Over the past two years Jasson has formulated and experimented with different compost tea brews in order to ascertain if it had any positive impact on these medicinal plants.

To produce the compost tea, compost is brewed in water to extract nutrients, in order to create a biologically rich feed for soil and plants.

“It’s like brewing a cup of tea,” says Jasson.

The finished product is then applied as a soil-drench for seedlings or is either sprayed directly onto plants or soil.

“One can have different formulations of compost tea and each produces a different result because of the nutrient content of that specific compost mixture. For example, mushroom compost tea consists of straw, chicken manure and spent mushroom mycelium extract and will produce a specific result. If I use a leaf waste, cow manure and general soil and brew that, I will get a different result,” he says.

RESULTS

Initial results of the study show that there are advantages to using mushroom compost tea in the cultivation of these medicinal plants. Advantages include an improvement in plant growth as a result of improving nutrient retention in the soil as well as protecting plant surfaces.

The study uncovered potential anti-oxidant activity in both medicinal plants, as a result of compost tea extract being stored in the bulb structures underground.

“Compost tea is linked to organic farming, where organic farmers/ growers attempt to reduce the reliance and cut out chemical fertilizers and their application in general commercial farming operations. Although genetic modification of plants can increase the yield, it can also in some cases reduce the nutrients. Organic farming attempts to create a complete seasonal organic sustainable nutrient cycle, with crops vs animals vs soil requirements vs harvest. This cycle restarts with direct seed sowing or planting for the new season”

Jasson says the Wild Ginger and African Potato plants are a complex species and more research in this area is needed.

Greenhouses go high-tech

Advanced automatic heating and cooling systems, sterile foot baths and automatic solar screens are just some of the impressive features of CPUT’s six new greenhouses.

With the finishing touches added late last year to the two research greenhouses, these high-tech greenhouses are set to open for business this month when students of the Department of Horticultural Sciences start their academic year.

Constructed at the nursery premises on the Bellville Campus, the greenhouses are a welcome addition to the department, which is the only in the Western Cape institution offering a course that focuses specifically on ornamental horticulture.

Head of programme, Dr Chris Daniels says the greenhouses will play a central role in practical teaching and learning activities and serve as the department’s laboratories.

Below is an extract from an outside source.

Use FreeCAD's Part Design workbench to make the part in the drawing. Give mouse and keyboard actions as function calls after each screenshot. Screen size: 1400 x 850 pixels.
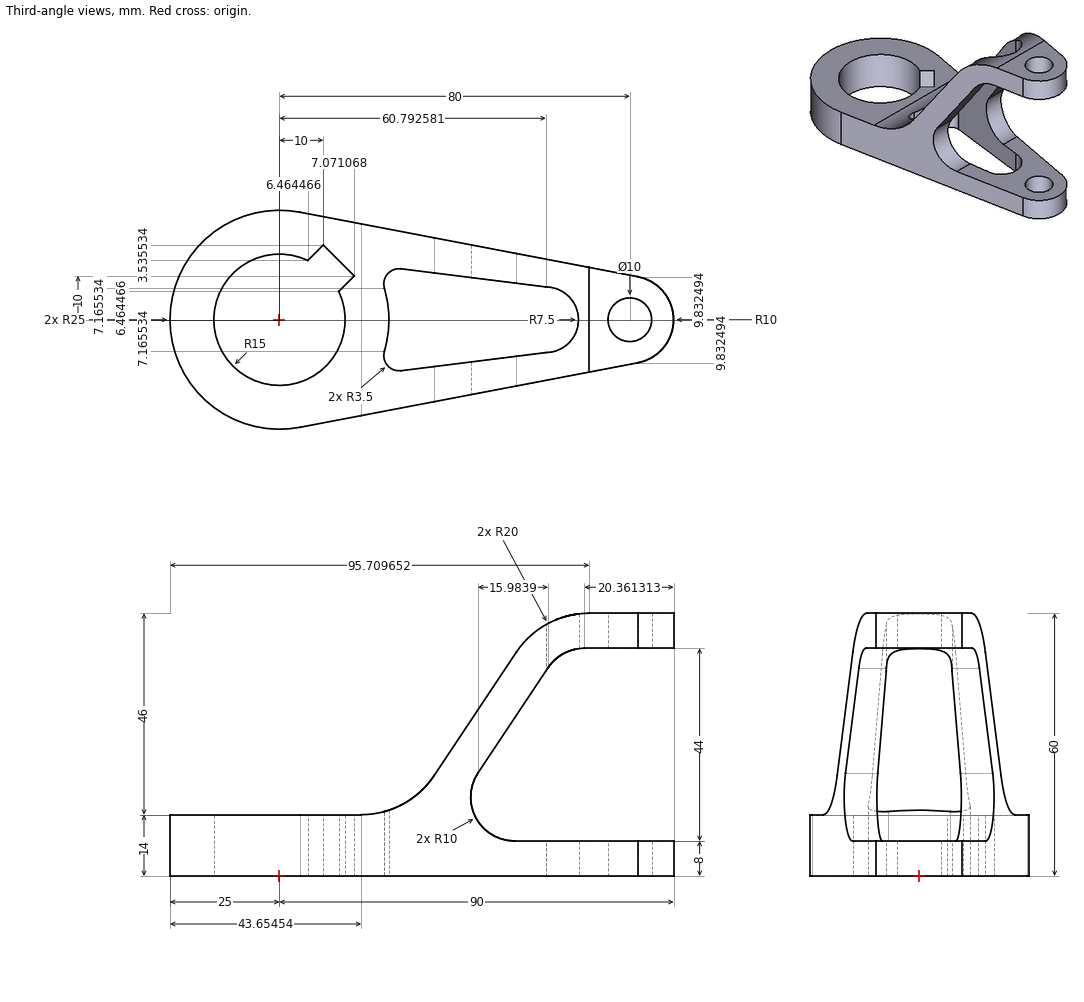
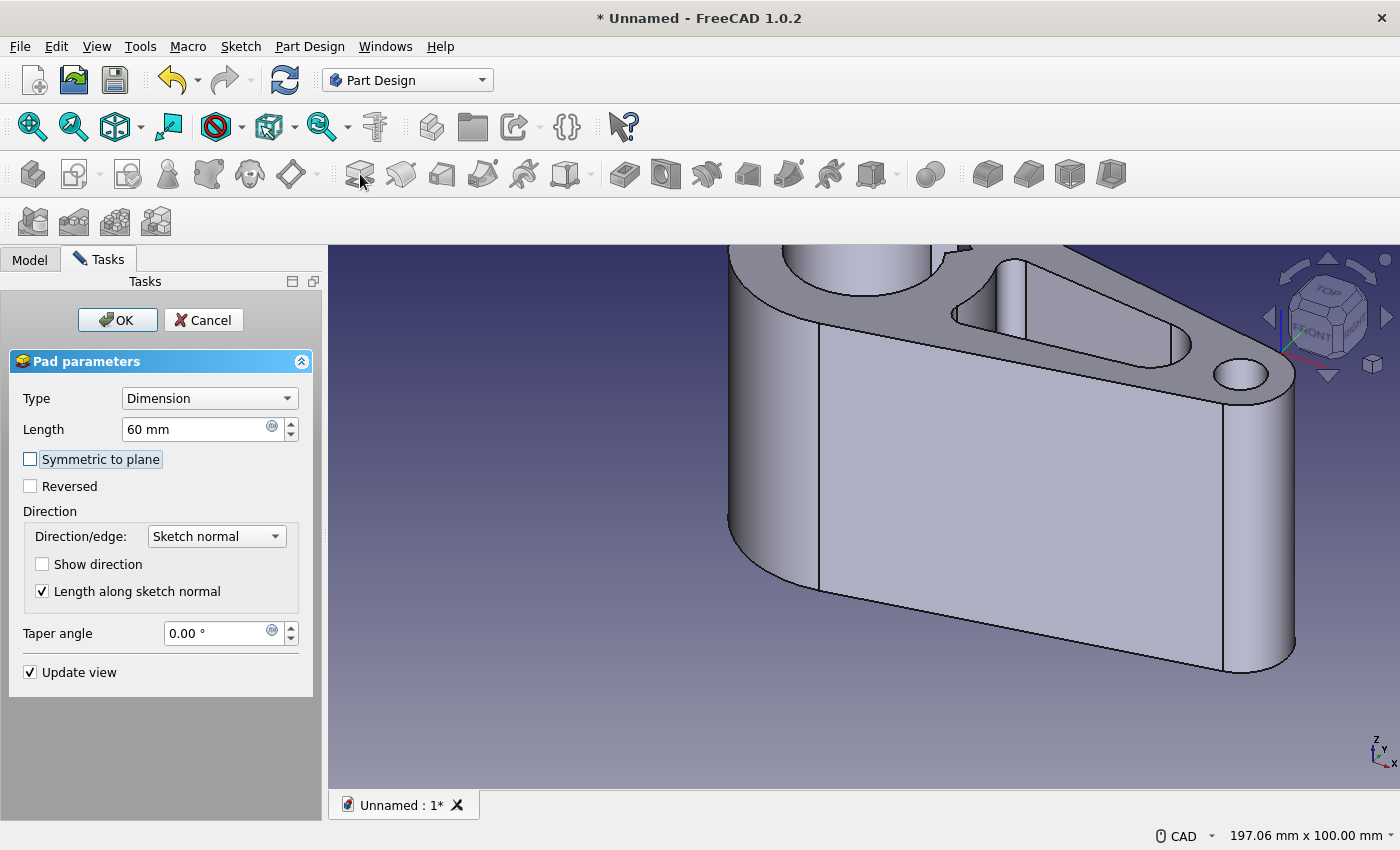
click(118, 320)

“These are state of the art, world class facilities and all systems are on par with national and industry requirements” he says.

The greenhouses have automatic heating and cooling systems, rain water harvesting systems, artificial lighting systems, automatic solar screens, propagation systems and sterile foot baths.

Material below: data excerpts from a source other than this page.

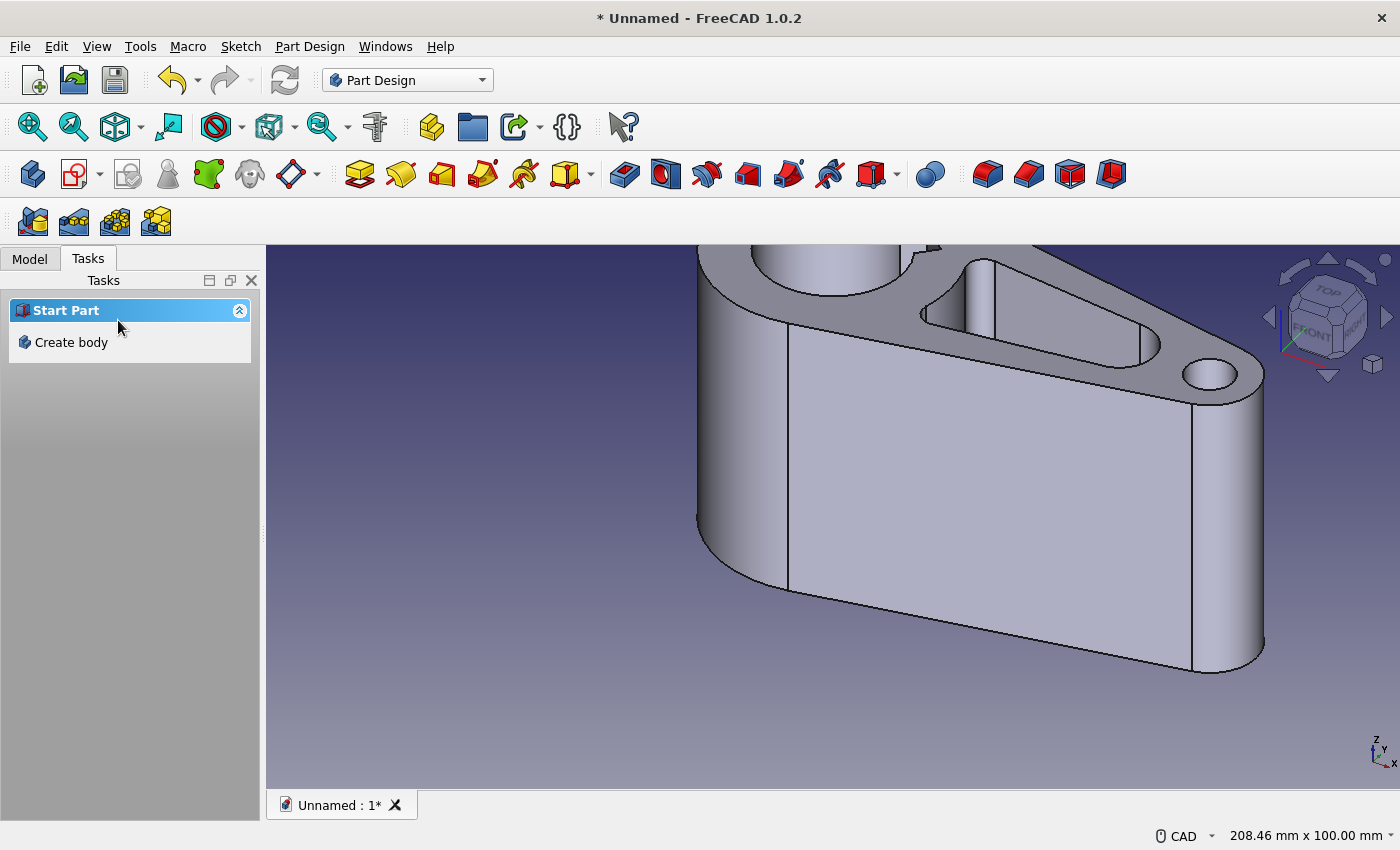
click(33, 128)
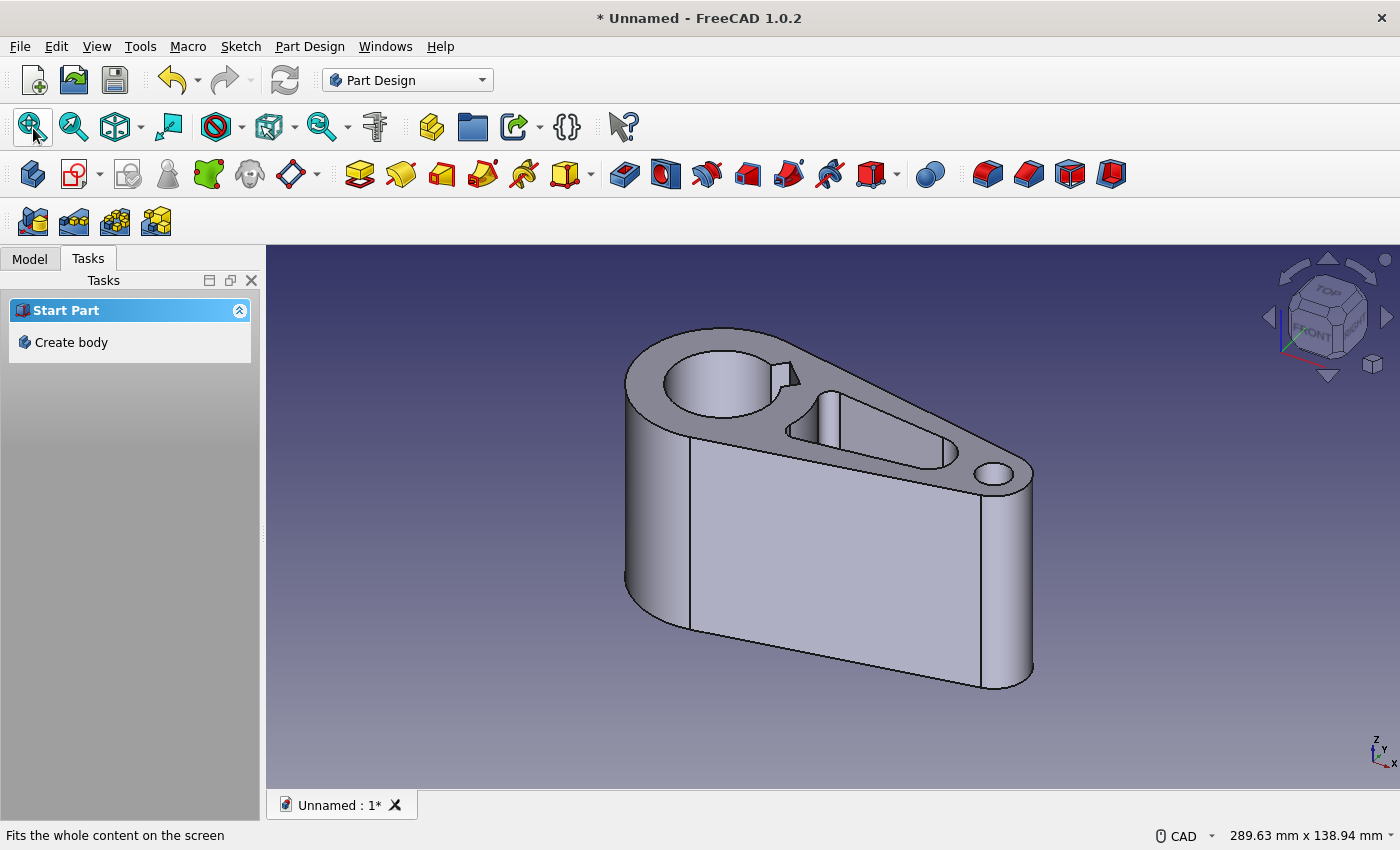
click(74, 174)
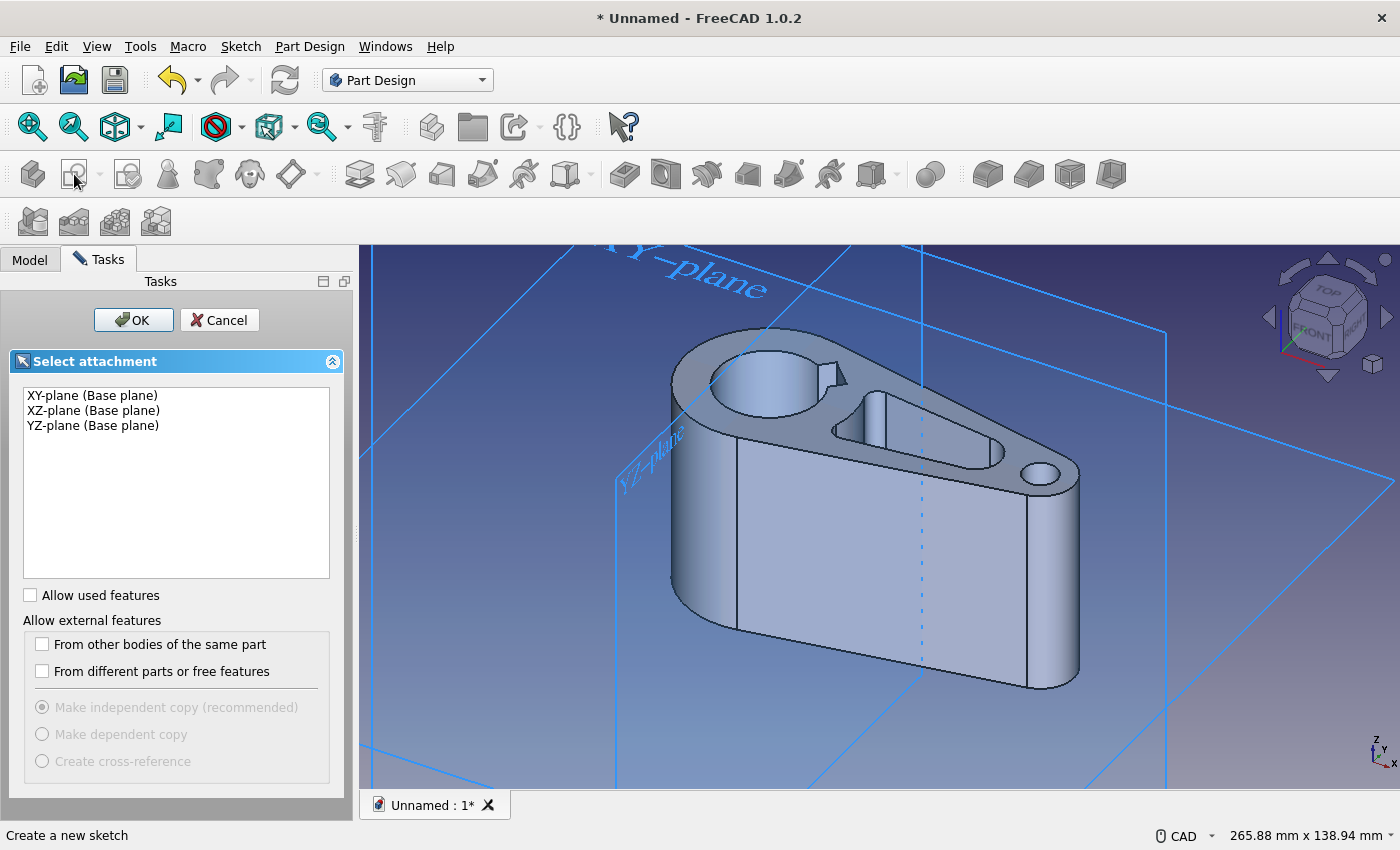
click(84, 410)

Each greenhouse came at a price tag of just over R 700 000 with the biggest greenhouse measuring well over 270 square meters.

Daniels says each of the greenhouses have a specific function, with two dedicated for research, while the other four are being  utilised by undergraduate students for various propagation and cultivation processes.

The greenhouse in the courtyard of the design building is known as the display greenhouse and will specifically focus on plant identification. This greenhouse boasts four automatically independently controlled climatic zones and will display plants from different biomes in South Africa.

Daniels says one very important feature of all the greenhouses is the sterile foot baths at the entrances of each greenhouse.

“This will limit the spread of diseases by students and visitors into our greenhouses and teach students the importance of sanitation in horticulture. Greenhouses must be treated like laboratories and improper disease control can have serious negative impacts on plant production” he says.

“The Department of Horticultural Sciences is proud to have these state of the art world class facilities, to give our undergraduate and postgraduate students possibly the best horticultural experience in the country,” says Daniels.